### [ACTIVITY]
All entries must be repeated exactly. No picture should appear in the result.

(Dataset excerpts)
- Opening Delimiter -

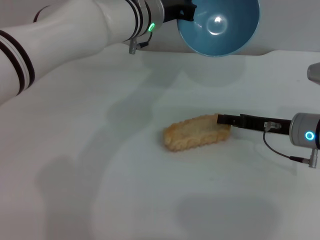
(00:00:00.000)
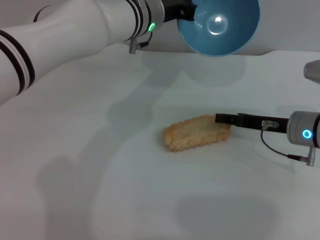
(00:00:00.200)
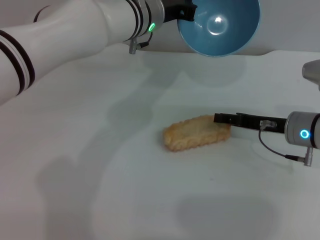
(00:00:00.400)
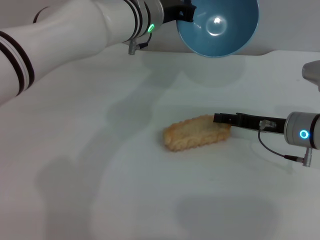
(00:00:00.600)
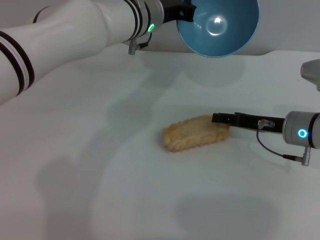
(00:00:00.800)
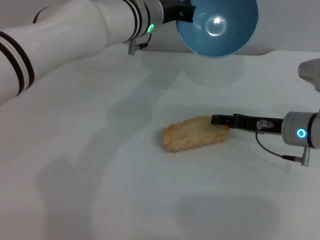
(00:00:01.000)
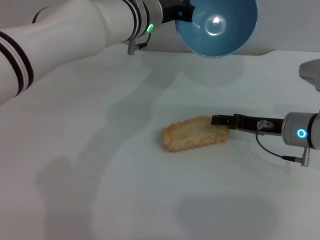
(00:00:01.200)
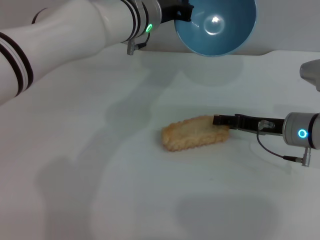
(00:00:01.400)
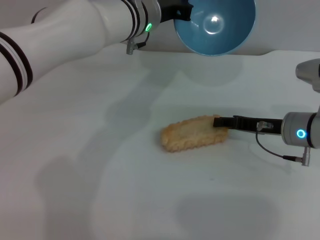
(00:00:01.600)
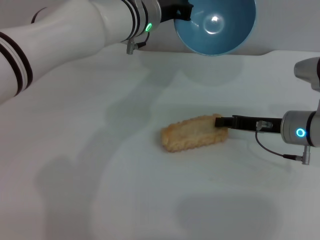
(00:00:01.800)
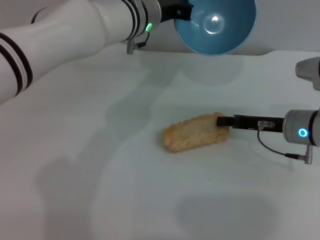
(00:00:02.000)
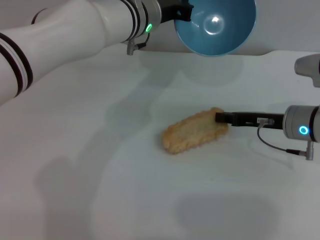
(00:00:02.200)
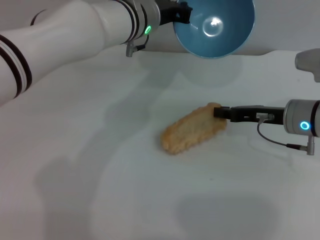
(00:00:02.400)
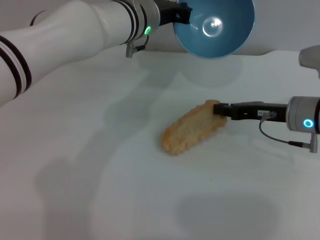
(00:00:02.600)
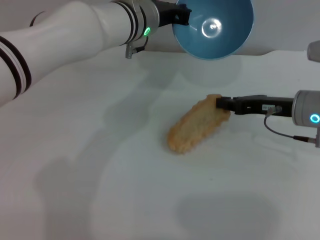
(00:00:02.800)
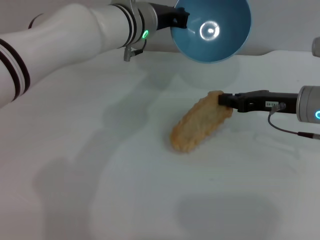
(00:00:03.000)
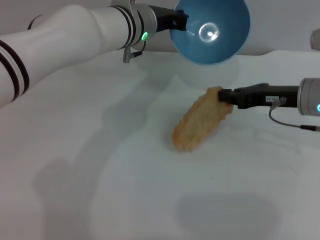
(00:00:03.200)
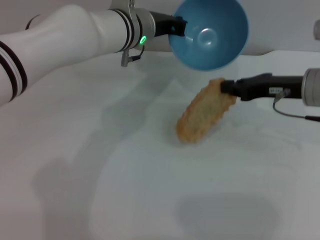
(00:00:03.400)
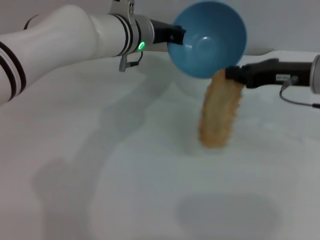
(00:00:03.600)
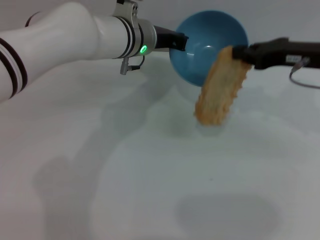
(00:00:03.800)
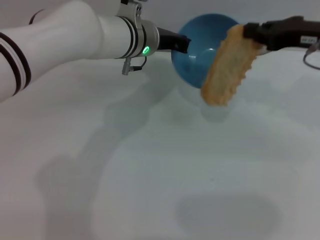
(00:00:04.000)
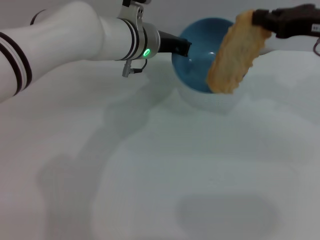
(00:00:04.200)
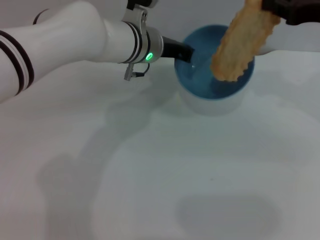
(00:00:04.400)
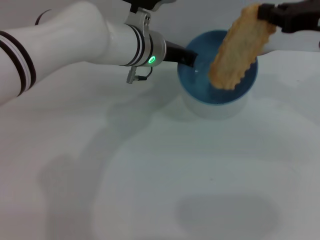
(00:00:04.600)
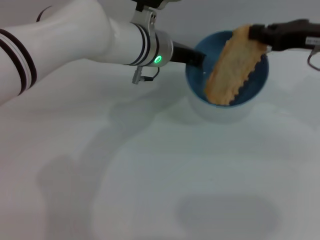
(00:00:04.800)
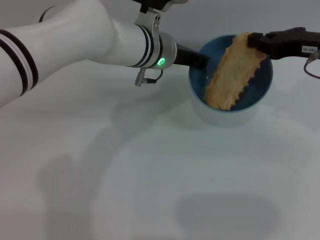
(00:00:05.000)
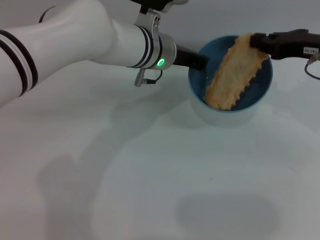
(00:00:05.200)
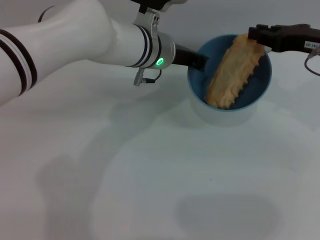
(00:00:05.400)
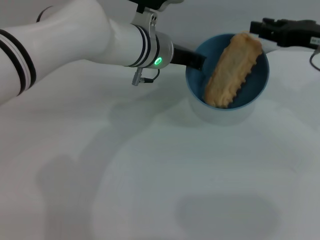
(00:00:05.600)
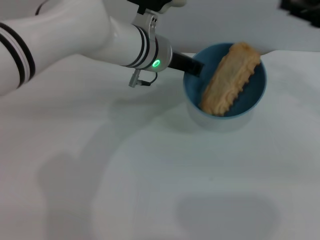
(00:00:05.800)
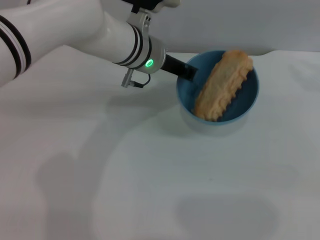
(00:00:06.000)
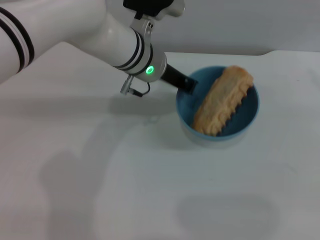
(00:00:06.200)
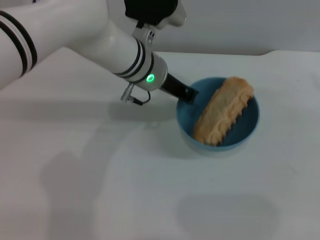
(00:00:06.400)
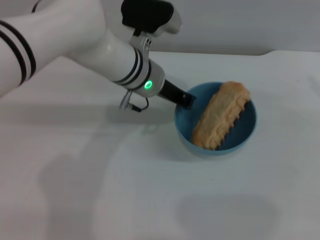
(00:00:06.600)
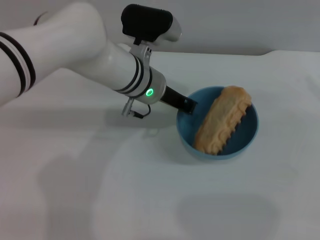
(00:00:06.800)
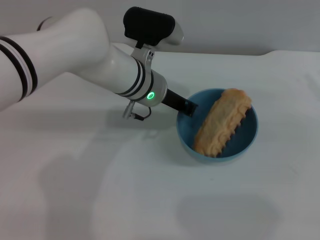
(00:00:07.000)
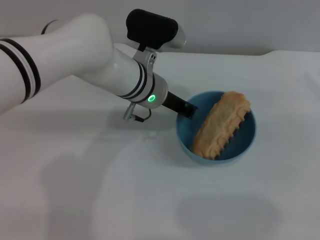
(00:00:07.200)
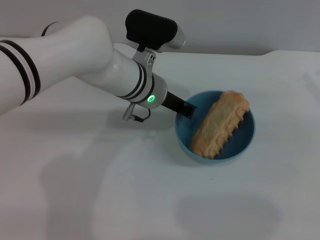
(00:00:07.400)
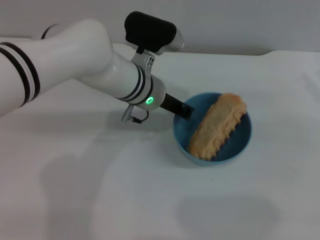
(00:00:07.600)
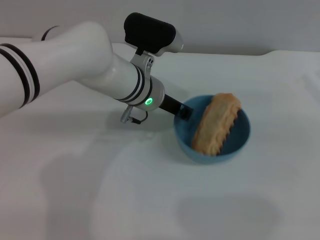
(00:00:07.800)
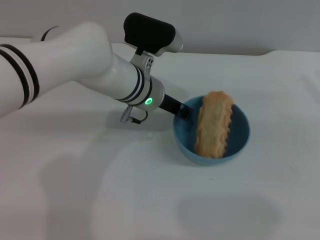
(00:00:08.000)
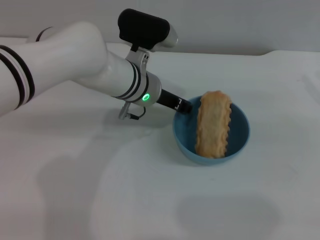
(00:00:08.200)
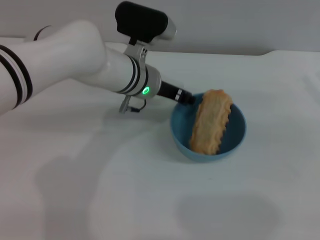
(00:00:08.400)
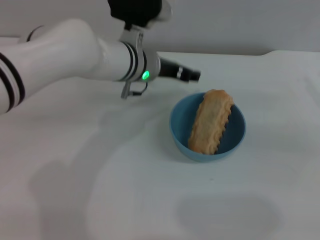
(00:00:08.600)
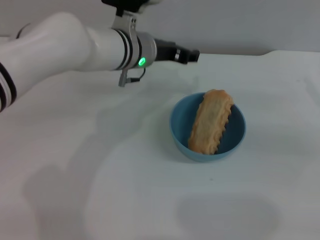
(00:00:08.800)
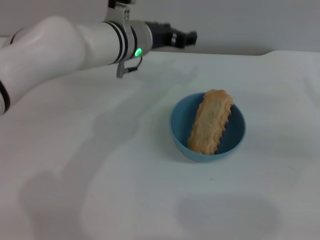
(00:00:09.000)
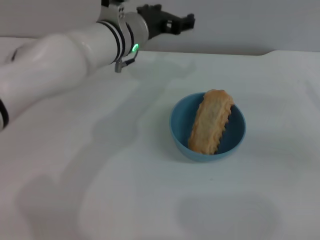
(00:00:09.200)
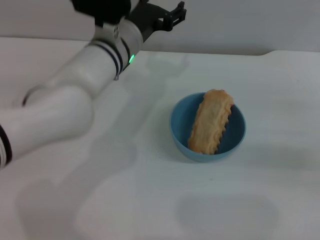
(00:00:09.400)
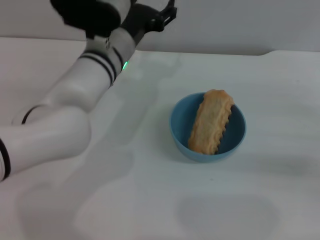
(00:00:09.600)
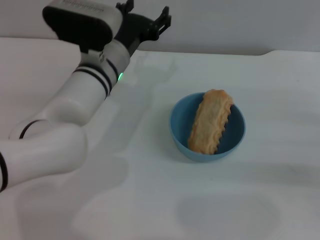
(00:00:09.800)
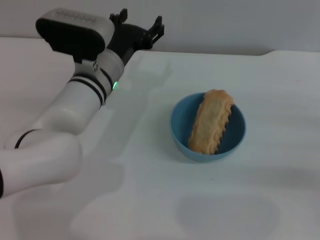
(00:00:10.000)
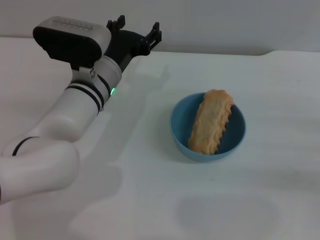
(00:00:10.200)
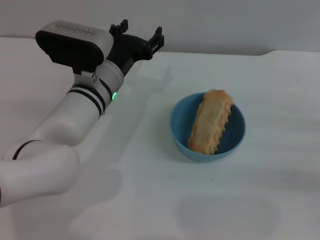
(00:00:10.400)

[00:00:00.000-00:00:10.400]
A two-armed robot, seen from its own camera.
Task of the whole recording: put the bread into the blue bowl and pour it out repeatedly.
Step, 00:00:00.000 to 00:00:04.200: Pick up the bread with the right gripper.
Step, 00:00:04.600 to 00:00:05.600: Place the bread into the bowl.
Step, 00:00:05.800 to 00:00:08.600: Place the bowl on the table.
00:00:00.000 to 00:00:01.400: Neither gripper changes place.
00:00:01.400 to 00:00:03.000: The right gripper moves upward, roughly 5 cm, and closes its fingers.
00:00:03.000 to 00:00:04.400: The right gripper moves upward, some 15 cm.
00:00:04.400 to 00:00:06.000: The right gripper heads to the right, covering some 10 cm, and opens up.
00:00:06.000 to 00:00:07.400: The right gripper shifts about 5 cm downward.
00:00:07.400 to 00:00:09.000: The left gripper shifts by some 5 cm, and opens up.
00:00:09.000 to 00:00:10.400: The right gripper shifts some 10 cm downward and backward; the left gripper travels backward and downward by approximately 10 cm.

- Closing Delimiter -

### [WRITTEN SOLUTION]
(00:00:00.000)
(00:00:00.200)
(00:00:00.400)
(00:00:00.600)
(00:00:00.800)
(00:00:01.000)
(00:00:01.200)
(00:00:01.400)
(00:00:01.600)
(00:00:01.800)
(00:00:02.000)
(00:00:02.200)
(00:00:02.400)
(00:00:02.600)
(00:00:02.800)
(00:00:03.000)
(00:00:03.200)
(00:00:03.400)
(00:00:03.600)
(00:00:03.800)
(00:00:04.000)
(00:00:04.200)
(00:00:04.400)
(00:00:04.600)
(00:00:04.800)
(00:00:05.000)
(00:00:05.200)
(00:00:05.400)
(00:00:05.600)
(00:00:05.800)
(00:00:06.000)
(00:00:06.200)
(00:00:06.400)
(00:00:06.600)
(00:00:06.800)
(00:00:07.000)
(00:00:07.200)
(00:00:07.400)
(00:00:07.600)
(00:00:07.800)
(00:00:08.000)
(00:00:08.200)
(00:00:08.400)
(00:00:08.600)
(00:00:08.800)
(00:00:09.000)
(00:00:09.200)
(00:00:09.400)
(00:00:09.600)
(00:00:09.800)
(00:00:10.000)
(00:00:10.200)
(00:00:10.400)

[00:00:00.000-00:00:10.400]
A two-armed robot, seen from its own camera.
Task of the whole recording: put the bread into the blue bowl and pour it out repeatedly.
Step, 00:00:00.000 to 00:00:04.200: Pick up the bread with the right gripper.
Step, 00:00:04.600 to 00:00:05.600: Place the bread into the bowl.
Step, 00:00:05.800 to 00:00:08.600: Place the bowl on the table.
00:00:00.000 to 00:00:01.400: Neither gripper changes place.
00:00:01.400 to 00:00:03.000: The right gripper moves upward, roughly 5 cm, and closes its fingers.
00:00:03.000 to 00:00:04.400: The right gripper moves upward, some 15 cm.
00:00:04.400 to 00:00:06.000: The right gripper heads to the right, covering some 10 cm, and opens up.
00:00:06.000 to 00:00:07.400: The right gripper shifts about 5 cm downward.
00:00:07.400 to 00:00:09.000: The left gripper shifts by some 5 cm, and opens up.
00:00:09.000 to 00:00:10.400: The right gripper shifts some 10 cm downward and backward; the left gripper travels backward and downward by approximately 10 cm.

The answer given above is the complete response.